I have diabetes. If you do too, don’t be secretive about it. You should let people around you know, so if you experience side effects such as passing out or becoming less than lucid, they’ll have some idea what’s going on.
As with many people who have diabetes, I take a lot of medicine for it and the medicine is expensive. I’m fortunate to have excellent prescription drug insurance, although the company that manages that coverage for my supplemental drug plan leaves a lot to be desired.
Lately, they’ve been changing the formulary for what drugs they cover. Sometimes there are good reasons for that. Sometimes, less so. As an example, if your doctor wrote you a subscription for Synthroid, a medicine to help with thyroid problems, and allowed the pharmacy to fill it with a generic, you still got Synthroid, which is a brand name. Why? Because Synthroid was judged to be more effective than any of the generics available. That’s changed this year. Now, if a generic is allowed, I get a generic. So, I hope the generics are improved. I guess we’ll see with my next blood test.

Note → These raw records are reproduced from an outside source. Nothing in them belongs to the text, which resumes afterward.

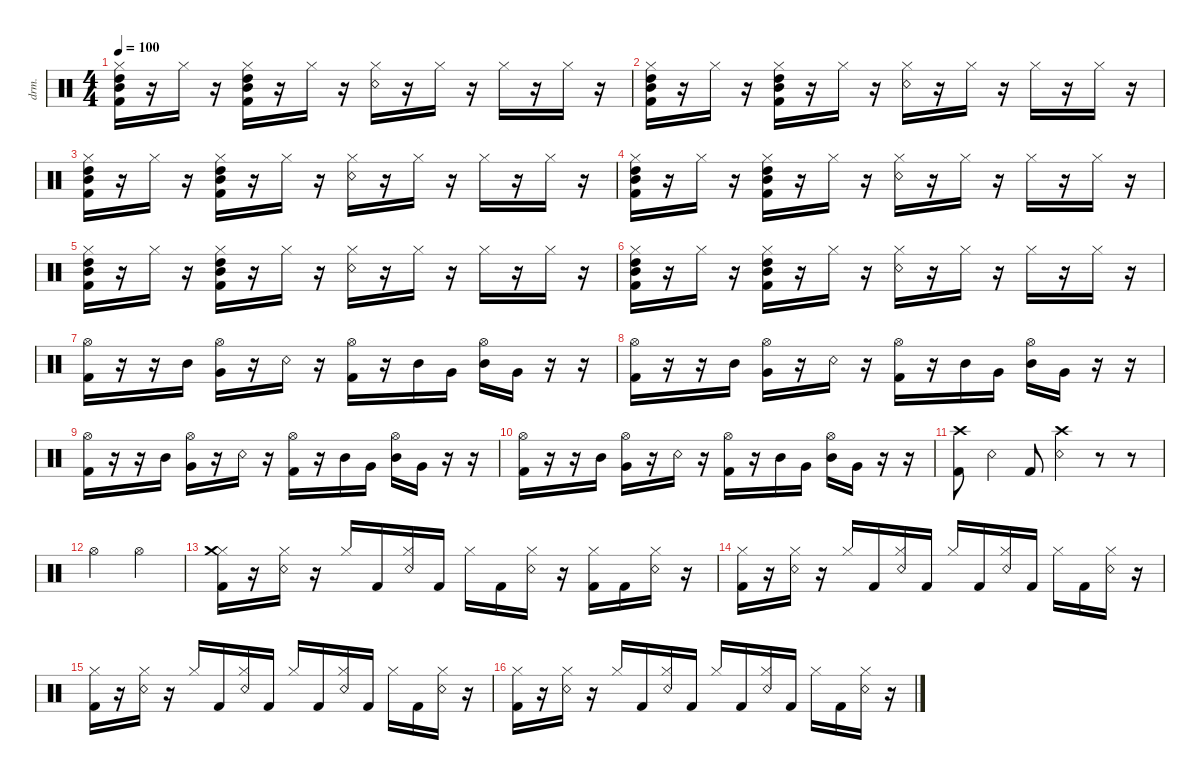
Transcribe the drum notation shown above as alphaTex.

\defaultSystemsLayout 4
\hideDynamics
\bracketExtendMode nobrackets
\otherSystemsTrackNameOrientation horizontal
\track ("Drumkit" "drm.") {instrument percussion}
\staff {score}
\articulation defaults
\ts (4 4)
\tempo 100
\clef neutral
\ks c
("Hi-Hat (closed)" "Kick (hit) 2" "High Tom (hit)" "Mid Tom (hit)").16{dy mf beam Down} r.16{beam Down} "Hi-Hat (closed)".16{beam Down} r.16{beam Down} ("Hi-Hat (closed)" "Kick (hit) 2" "Mid Tom (hit)" "High Tom (hit)").16{beam Down} r.16{beam Down} "Hi-Hat (closed)".16{beam Down} r.16{beam Down} ("Hi-Hat (closed)" "Snare (rim shot)").16{beam Down} r.16{beam Down} "Hi-Hat (closed)".16{beam Down} r.16{beam Down} "Hi-Hat (closed)".16{beam Down} r.16{beam Down} "Hi-Hat (closed)".16{beam Down} r.16{beam Down} |
("Hi-Hat (closed)" "Kick (hit) 2" "High Tom (hit)" "Mid Tom (hit)").16{beam Down} r.16{beam Down} "Hi-Hat (closed)".16{beam Down} r.16{beam Down} ("Hi-Hat (closed)" "Kick (hit) 2" "Mid Tom (hit)" "High Tom (hit)").16{beam Down} r.16{beam Down} "Hi-Hat (closed)".16{beam Down} r.16{beam Down} ("Hi-Hat (closed)" "Snare (rim shot)").16{beam Down} r.16{beam Down} "Hi-Hat (closed)".16{beam Down} r.16{beam Down} "Hi-Hat (closed)".16{beam Down} r.16{beam Down} "Hi-Hat (closed)".16{beam Down} r.16{beam Down} |
("Hi-Hat (closed)" "Kick (hit) 2" "High Tom (hit)" "Mid Tom (hit)").16{beam Down} r.16{beam Down} "Hi-Hat (closed)".16{beam Down} r.16{beam Down} ("Hi-Hat (closed)" "Kick (hit) 2" "Mid Tom (hit)" "High Tom (hit)").16{beam Down} r.16{beam Down} "Hi-Hat (closed)".16{beam Down} r.16{beam Down} ("Hi-Hat (closed)" "Snare (rim shot)").16{beam Down} r.16{beam Down} "Hi-Hat (closed)".16{beam Down} r.16{beam Down} "Hi-Hat (closed)".16{beam Down} r.16{beam Down} "Hi-Hat (closed)".16{beam Down} r.16{beam Down} |
("Hi-Hat (closed)" "Kick (hit) 2" "High Tom (hit)" "Mid Tom (hit)").16{beam Down} r.16{beam Down} "Hi-Hat (closed)".16{beam Down} r.16{beam Down} ("Hi-Hat (closed)" "Kick (hit) 2" "Mid Tom (hit)" "High Tom (hit)").16{beam Down} r.16{beam Down} "Hi-Hat (closed)".16{beam Down} r.16{beam Down} ("Hi-Hat (closed)" "Snare (rim shot)").16{beam Down} r.16{beam Down} "Hi-Hat (closed)".16{beam Down} r.16{beam Down} "Hi-Hat (closed)".16{beam Down} r.16{beam Down} "Hi-Hat (closed)".16{beam Down} r.16{beam Down} |
("Hi-Hat (closed)" "Kick (hit) 2" "High Tom (hit)" "Mid Tom (hit)").16{beam Down} r.16{beam Down} "Hi-Hat (closed)".16{beam Down} r.16{beam Down} ("Hi-Hat (closed)" "Kick (hit) 2" "Mid Tom (hit)" "High Tom (hit)").16{beam Down} r.16{beam Down} "Hi-Hat (closed)".16{beam Down} r.16{beam Down} ("Hi-Hat (closed)" "Snare (rim shot)").16{beam Down} r.16{beam Down} "Hi-Hat (closed)".16{beam Down} r.16{beam Down} "Hi-Hat (closed)".16{beam Down} r.16{beam Down} "Hi-Hat (closed)".16{beam Down} r.16{beam Down} |
("Hi-Hat (closed)" "Kick (hit) 2" "High Tom (hit)" "Mid Tom (hit)").16{beam Down} r.16{beam Down} "Hi-Hat (closed)".16{beam Down} r.16{beam Down} ("Hi-Hat (closed)" "Kick (hit) 2" "Mid Tom (hit)" "High Tom (hit)").16{beam Down} r.16{beam Down} "Hi-Hat (closed)".16{beam Down} r.16{beam Down} ("Hi-Hat (closed)" "Snare (rim shot)").16{beam Down} r.16{beam Down} "Hi-Hat (closed)".16{beam Down} r.16{beam Down} "Hi-Hat (closed)".16{beam Down} r.16{beam Down} "Hi-Hat (closed)".16{beam Down} r.16{beam Down} |
("Hi-Hat (open)" "Kick (hit) 2").16{beam Down} r.16{beam Down} r.16{beam Down} "Mid Tom (hit)".16{beam Down} ("Very Low Tom (hit)" "Hi-Hat (open)").16{beam Down} r.16{beam Down} "Snare (rim shot)".16{beam Down} r.16{beam Down} ("Hi-Hat (open)" "Kick (hit) 2").16{beam Down} r.16{beam Down} "Mid Tom (hit)".16{beam Down} "Very Low Tom (hit)".16{beam Down} ("Mid Tom (hit)" "Hi-Hat (open)").16{beam Down} "Very Low Tom (hit)".16{beam Down} r.16{beam Down} r.16{beam Down} |
("Hi-Hat (open)" "Kick (hit) 2").16{beam Down} r.16{beam Down} r.16{beam Down} "Mid Tom (hit)".16{beam Down} ("Very Low Tom (hit)" "Hi-Hat (open)").16{beam Down} r.16{beam Down} "Snare (rim shot)".16{beam Down} r.16{beam Down} ("Hi-Hat (open)" "Kick (hit) 2").16{beam Down} r.16{beam Down} "Mid Tom (hit)".16{beam Down} "Very Low Tom (hit)".16{beam Down} ("Mid Tom (hit)" "Hi-Hat (open)").16{beam Down} "Very Low Tom (hit)".16{beam Down} r.16{beam Down} r.16{beam Down} |
("Hi-Hat (open)" "Kick (hit) 2").16{beam Down} r.16{beam Down} r.16{beam Down} "Mid Tom (hit)".16{beam Down} ("Very Low Tom (hit)" "Hi-Hat (open)").16{beam Down} r.16{beam Down} "Snare (rim shot)".16{beam Down} r.16{beam Down} ("Hi-Hat (open)" "Kick (hit) 2").16{beam Down} r.16{beam Down} "Mid Tom (hit)".16{beam Down} "Very Low Tom (hit)".16{beam Down} ("Mid Tom (hit)" "Hi-Hat (open)").16{beam Down} "Very Low Tom (hit)".16{beam Down} r.16{beam Down} r.16{beam Down} |
("Hi-Hat (open)" "Kick (hit) 2").16{beam Down} r.16{beam Down} r.16{beam Down} "Mid Tom (hit)".16{beam Down} ("Very Low Tom (hit)" "Hi-Hat (open)").16{beam Down} r.16{beam Down} "Snare (rim shot)".16{beam Down} r.16{beam Down} ("Hi-Hat (open)" "Kick (hit) 2").16{beam Down} r.16{beam Down} "Mid Tom (hit)".16{beam Down} "Very Low Tom (hit)".16{beam Down} ("Mid Tom (hit)" "Hi-Hat (open)").16{beam Down} "Very Low Tom (hit)".16{beam Down} r.16{beam Down} r.16{beam Down} |
("Kick (hit) 2" "Crash high (hit)").8{beam Down} "Snare (rim shot)".4{beam Down} "Kick (hit) 2".8{beam Up} ("Snare (rim shot)" "Crash high (hit)").4{beam Down} r.8{beam Down} r.8{beam Down} |
"Hi-Hat (open)".2{beam Down} "Hi-Hat (open)".2{beam Down} |
("Hi-Hat (closed)" "Kick (hit) 2" "Crash medium (hit)").16{beam Down} r.16{beam Down} ("Hi-Hat (closed)" "Snare (rim shot)").16{beam Down} r.16{beam Down} "Hi-Hat (closed)".16{beam Up} "Kick (hit) 2".16{beam Up} ("Hi-Hat (closed)" "Snare (rim shot)").16{beam Up} "Kick (hit) 2".16{beam Up} "Hi-Hat (closed)".16{beam Down} "Kick (hit) 2".16{beam Down} ("Hi-Hat (closed)" "Snare (rim shot)").16{beam Down} r.16{beam Down} ("Hi-Hat (closed)" "Kick (hit) 2").16{beam Down} "Kick (hit) 2".16{beam Down} ("Hi-Hat (closed)" "Snare (rim shot)").16{beam Down} r.16{beam Down} |
("Hi-Hat (closed)" "Kick (hit) 2").16{beam Down} r.16{beam Down} ("Hi-Hat (closed)" "Snare (rim shot)").16{beam Down} r.16{beam Down} "Hi-Hat (closed)".16{beam Up} "Kick (hit) 2".16{beam Up} ("Hi-Hat (closed)" "Snare (rim shot)").16{beam Up} "Kick (hit) 2".16{beam Up} "Hi-Hat (closed)".16{beam Up} "Kick (hit) 2".16{beam Up} ("Hi-Hat (closed)" "Snare (rim shot)").16{beam Up} "Kick (hit) 2".16{beam Up} "Hi-Hat (closed)".16{beam Down} "Kick (hit) 2".16{beam Down} ("Hi-Hat (closed)" "Snare (rim shot)").16{beam Down} r.16{beam Down} |
("Hi-Hat (closed)" "Kick (hit) 2").16{beam Down} r.16{beam Down} ("Hi-Hat (closed)" "Snare (rim shot)").16{beam Down} r.16{beam Down} "Hi-Hat (closed)".16{beam Up} "Kick (hit) 2".16{beam Up} ("Hi-Hat (closed)" "Snare (rim shot)").16{beam Up} "Kick (hit) 2".16{beam Up} "Hi-Hat (closed)".16{beam Up} "Kick (hit) 2".16{beam Up} ("Hi-Hat (closed)" "Snare (rim shot)").16{beam Up} "Kick (hit) 2".16{beam Up} "Hi-Hat (closed)".16{beam Down} "Kick (hit) 2".16{beam Down} ("Hi-Hat (closed)" "Snare (rim shot)").16{beam Down} r.16{beam Down} |
("Hi-Hat (closed)" "Kick (hit) 2").16{beam Down} r.16{beam Down} ("Hi-Hat (closed)" "Snare (rim shot)").16{beam Down} r.16{beam Down} "Hi-Hat (closed)".16{beam Up} "Kick (hit) 2".16{beam Up} ("Hi-Hat (closed)" "Snare (rim shot)").16{beam Up} "Kick (hit) 2".16{beam Up} "Hi-Hat (closed)".16{beam Up} "Kick (hit) 2".16{beam Up} ("Hi-Hat (closed)" "Snare (rim shot)").16{beam Up} "Kick (hit) 2".16{beam Up} "Hi-Hat (closed)".16{beam Down} "Kick (hit) 2".16{beam Down} ("Hi-Hat (closed)" "Snare (rim shot)").16{beam Down} r.16{beam Down}

The latest issue is with another brand-name drug, Invokana. Although my insurance has been paying for it over the last six years or more, and paid for it in February, they’ve decided they won’t anymore. They will pay for Jardiance or Farxiga. Nobody told me if it’s because those newer drugs are more effective in lowering blood sugar, because they’re less expensive, or both. It’s not because the replacements are generic. Both are brand names as well. And make no mistake, Invokana is expensive—somewhere between $500 and $600 a month for the dosage I take if I buy it at retail. I’m pretty sure the insurance gets a discount though.
I’m all for reducing cost. I try to do it in my personal life, and I used to be a municipal auditor and a municipal treasurer, so I did it in my work life too. The problem is, Invokana is superior to Jardiance or Farxiga in at least one respect. I’m neither a doctor nor a pharmacist, but from what I’ve read, Invokana has benefits for the kidney disease that often results from diabetes while the alternatives do not.
So, now I am jumping through hoops to get my doctor to get a prior authorization and get my prescription filled before I run out of pills at the end of next week. And because of the COVID 19 pandemic, it’s harder to find hoops or to find someone to hold the hoops so I can jump through them. I hope this is all resolved within the next two weeks, before I run out of Invokana and/or patience.